Article 9 (1) 7 of the former Trademark Act (amended by Act No. 4,210 of September 1, 1990)

Reference Cases

[Plaintiff-Appellant] Plaintiff 1 and 1 other (Law Firm Gyeong, Attorneys Park Jae-young and 1 other, Counsel for plaintiff-appellant-appellant-appellant-appellant-appellant-appellant-Appellee-Appellee-Appellant-Appellee-Appellee-Appellee-Appellant-Appellee-Appellee-Appellant-Appellee-Appellee-Appellee-Appellee-Appellant-Appellee-Appellee-Appellee-Appellant-Appellee-Appellee-Appellee-Appellee-Appellee-Appellant-Appellee-Appellee-Appellee-Appellant-Appellee-Appellee-Appellee-Appellee-Appellant-Appellee-Appellee-Appellee-Appellee-Appellant-Appellee-Appellee

Applicant-Appellant

Attorney Lee Yong-sung et al., Counsel for the plaintiff-appellant

Other Party-Appellee

The Commissioner of the Korean Intellectual Property Office

original decision

Korean Intellectual Property Office Decision 558 dated May 27, 1991

Text

The appeal is dismissed.

The costs of appeal shall be assessed against the applicant.

Reasons

The grounds of appeal are examined.

According to the reasoning of the original decision, the original trademark is a character trademark marked in the Roman and Korean, and the cited trademark is combined with a Korean character, Korean character and a figure in its original form, and the two trademarks are composed of two trademarks: (a) the appearance and name are below, (b) the appearance and name of the original trademark is referred to as “use”; and (c) the essential part of the cited trademark is referred to as “use,” and (d) the cited trademark is also referred to as “use,” and the two trademarks are identical in their concepts and are likely to cause mistake or confusion with ordinary consumers or traders as to the origin of goods if they are used for the same or similar designated goods, and thus, the original trademark is deemed to fall under Article 9 (1) 7 of the former Trademark Act (amended by Act No. 4, Sep. 1, 1990).
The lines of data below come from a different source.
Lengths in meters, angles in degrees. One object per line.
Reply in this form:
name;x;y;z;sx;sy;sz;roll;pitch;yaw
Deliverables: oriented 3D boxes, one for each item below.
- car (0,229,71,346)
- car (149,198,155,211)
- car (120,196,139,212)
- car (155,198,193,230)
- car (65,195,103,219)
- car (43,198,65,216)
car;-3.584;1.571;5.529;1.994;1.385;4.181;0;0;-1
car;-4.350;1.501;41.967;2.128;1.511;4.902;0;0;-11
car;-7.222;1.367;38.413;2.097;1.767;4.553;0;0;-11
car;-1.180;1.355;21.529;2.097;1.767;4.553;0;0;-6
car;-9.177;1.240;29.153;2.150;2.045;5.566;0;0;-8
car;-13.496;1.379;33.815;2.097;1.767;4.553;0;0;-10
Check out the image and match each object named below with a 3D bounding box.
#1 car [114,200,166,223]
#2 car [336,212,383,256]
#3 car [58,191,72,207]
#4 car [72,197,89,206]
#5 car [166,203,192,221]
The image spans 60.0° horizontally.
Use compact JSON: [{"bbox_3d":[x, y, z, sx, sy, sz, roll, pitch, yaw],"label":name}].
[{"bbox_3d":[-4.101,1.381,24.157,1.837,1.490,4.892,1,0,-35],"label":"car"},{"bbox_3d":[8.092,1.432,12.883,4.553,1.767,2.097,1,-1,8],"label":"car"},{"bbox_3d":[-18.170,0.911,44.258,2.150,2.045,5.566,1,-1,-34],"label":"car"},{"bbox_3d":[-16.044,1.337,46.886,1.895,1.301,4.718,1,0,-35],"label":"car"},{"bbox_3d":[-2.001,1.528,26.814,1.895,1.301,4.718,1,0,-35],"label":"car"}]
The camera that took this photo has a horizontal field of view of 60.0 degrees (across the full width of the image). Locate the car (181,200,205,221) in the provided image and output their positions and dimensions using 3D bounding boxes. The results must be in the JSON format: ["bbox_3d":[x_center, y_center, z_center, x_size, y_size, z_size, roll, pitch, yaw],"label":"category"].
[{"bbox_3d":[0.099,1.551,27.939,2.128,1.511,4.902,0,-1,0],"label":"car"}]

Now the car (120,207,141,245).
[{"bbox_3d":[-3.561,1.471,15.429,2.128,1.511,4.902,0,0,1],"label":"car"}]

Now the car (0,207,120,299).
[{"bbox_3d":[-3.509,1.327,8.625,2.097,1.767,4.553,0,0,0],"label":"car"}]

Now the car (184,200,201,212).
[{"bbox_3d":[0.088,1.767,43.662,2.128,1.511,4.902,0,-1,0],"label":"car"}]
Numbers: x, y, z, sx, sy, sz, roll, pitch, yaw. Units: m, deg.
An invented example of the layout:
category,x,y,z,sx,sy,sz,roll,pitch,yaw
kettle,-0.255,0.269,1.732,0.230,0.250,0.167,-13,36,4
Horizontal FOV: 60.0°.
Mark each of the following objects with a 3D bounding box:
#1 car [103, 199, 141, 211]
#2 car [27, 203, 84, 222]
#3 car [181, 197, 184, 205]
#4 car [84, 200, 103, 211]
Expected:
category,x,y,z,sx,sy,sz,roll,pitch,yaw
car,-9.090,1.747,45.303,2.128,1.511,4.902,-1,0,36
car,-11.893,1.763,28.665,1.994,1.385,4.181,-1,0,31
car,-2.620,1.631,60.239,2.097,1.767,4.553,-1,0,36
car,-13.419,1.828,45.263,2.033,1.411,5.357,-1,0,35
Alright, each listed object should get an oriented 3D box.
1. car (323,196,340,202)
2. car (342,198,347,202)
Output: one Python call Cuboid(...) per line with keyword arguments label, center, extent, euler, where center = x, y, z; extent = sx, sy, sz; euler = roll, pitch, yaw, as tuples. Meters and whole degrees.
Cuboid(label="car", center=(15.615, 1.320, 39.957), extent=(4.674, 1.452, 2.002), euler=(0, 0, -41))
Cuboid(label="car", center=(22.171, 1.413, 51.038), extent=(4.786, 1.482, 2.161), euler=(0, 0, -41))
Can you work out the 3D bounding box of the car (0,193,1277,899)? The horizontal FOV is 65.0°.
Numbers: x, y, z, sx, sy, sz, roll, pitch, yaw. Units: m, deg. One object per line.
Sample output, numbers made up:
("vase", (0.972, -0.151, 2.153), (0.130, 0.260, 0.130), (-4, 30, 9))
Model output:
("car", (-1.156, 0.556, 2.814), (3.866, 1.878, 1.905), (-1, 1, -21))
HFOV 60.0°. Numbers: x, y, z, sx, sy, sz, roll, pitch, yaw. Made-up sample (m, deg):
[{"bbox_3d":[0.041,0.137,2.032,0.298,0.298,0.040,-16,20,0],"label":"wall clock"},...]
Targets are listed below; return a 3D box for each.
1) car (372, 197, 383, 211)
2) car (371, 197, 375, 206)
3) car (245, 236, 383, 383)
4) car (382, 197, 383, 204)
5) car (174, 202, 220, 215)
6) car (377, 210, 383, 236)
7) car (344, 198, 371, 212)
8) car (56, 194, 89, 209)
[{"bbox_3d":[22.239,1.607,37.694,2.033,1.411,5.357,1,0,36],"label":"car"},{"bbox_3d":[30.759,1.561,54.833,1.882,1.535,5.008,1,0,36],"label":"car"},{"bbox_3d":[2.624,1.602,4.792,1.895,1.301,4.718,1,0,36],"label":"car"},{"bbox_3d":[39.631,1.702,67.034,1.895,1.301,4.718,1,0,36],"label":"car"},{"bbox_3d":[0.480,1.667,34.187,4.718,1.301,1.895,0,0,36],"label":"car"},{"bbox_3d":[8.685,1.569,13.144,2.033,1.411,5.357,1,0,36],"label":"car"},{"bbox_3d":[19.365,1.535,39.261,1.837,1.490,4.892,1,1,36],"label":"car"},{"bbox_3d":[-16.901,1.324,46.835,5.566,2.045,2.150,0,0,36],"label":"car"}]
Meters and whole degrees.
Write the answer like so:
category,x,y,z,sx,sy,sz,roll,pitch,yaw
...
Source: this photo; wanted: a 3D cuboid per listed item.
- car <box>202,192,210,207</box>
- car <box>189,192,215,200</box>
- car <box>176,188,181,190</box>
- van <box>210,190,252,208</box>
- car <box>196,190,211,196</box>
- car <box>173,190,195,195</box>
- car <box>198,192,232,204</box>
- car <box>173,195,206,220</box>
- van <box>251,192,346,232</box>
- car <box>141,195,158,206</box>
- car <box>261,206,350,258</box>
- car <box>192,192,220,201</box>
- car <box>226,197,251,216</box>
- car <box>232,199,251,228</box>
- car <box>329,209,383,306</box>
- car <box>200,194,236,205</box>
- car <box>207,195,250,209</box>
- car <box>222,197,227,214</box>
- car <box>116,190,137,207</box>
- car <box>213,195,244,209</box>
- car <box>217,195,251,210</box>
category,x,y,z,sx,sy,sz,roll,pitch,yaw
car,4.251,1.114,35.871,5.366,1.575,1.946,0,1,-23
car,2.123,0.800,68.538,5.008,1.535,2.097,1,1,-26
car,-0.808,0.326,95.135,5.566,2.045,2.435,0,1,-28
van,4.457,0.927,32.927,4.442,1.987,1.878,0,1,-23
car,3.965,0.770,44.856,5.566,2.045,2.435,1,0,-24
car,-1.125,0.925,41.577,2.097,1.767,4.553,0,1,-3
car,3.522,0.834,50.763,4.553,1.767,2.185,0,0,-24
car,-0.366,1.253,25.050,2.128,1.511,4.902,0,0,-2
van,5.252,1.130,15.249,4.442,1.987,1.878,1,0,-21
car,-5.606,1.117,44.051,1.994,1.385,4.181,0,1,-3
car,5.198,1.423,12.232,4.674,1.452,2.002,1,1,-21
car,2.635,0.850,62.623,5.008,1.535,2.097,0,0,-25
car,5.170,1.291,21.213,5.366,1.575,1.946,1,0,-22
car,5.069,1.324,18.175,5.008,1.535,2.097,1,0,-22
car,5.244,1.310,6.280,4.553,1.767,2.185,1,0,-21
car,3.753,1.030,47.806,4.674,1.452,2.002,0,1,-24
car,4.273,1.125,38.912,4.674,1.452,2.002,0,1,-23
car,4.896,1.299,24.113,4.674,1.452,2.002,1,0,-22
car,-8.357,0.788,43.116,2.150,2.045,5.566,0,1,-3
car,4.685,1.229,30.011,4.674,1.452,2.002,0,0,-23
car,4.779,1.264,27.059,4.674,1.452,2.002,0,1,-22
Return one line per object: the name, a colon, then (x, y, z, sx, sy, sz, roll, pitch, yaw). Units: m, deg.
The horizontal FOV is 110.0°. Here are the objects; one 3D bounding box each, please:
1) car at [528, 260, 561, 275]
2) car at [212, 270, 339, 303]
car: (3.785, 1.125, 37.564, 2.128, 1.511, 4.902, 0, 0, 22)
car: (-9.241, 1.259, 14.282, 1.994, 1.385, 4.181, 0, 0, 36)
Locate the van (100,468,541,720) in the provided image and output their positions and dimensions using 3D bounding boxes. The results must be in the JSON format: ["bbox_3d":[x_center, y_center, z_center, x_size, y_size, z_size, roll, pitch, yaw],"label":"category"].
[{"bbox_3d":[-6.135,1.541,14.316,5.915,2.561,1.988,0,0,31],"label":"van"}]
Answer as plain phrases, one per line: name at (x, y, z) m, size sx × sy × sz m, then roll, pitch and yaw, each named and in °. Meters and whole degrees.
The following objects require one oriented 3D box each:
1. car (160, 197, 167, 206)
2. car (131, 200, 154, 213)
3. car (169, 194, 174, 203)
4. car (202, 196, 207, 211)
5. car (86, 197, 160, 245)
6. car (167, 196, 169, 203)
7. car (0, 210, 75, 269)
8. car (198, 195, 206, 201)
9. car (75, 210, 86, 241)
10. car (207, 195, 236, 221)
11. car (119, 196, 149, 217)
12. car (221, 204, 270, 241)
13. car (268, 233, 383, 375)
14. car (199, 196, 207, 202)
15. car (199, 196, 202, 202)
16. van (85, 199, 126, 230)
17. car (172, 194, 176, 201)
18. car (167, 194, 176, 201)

In light of the records, the above decision of the court below is acceptable, and there is no error of law by misapprehending the legal principles as to the similarity of trademarks or the determination of similarity of trademarks.

The precedents of party members cited by the theory of lawsuit are not appropriate in this case. The argument is without merit.

Therefore, the appeal shall be dismissed, and all costs of appeal shall be assessed against the losing party. It is so decided as per Disposition by the assent of all participating Justices.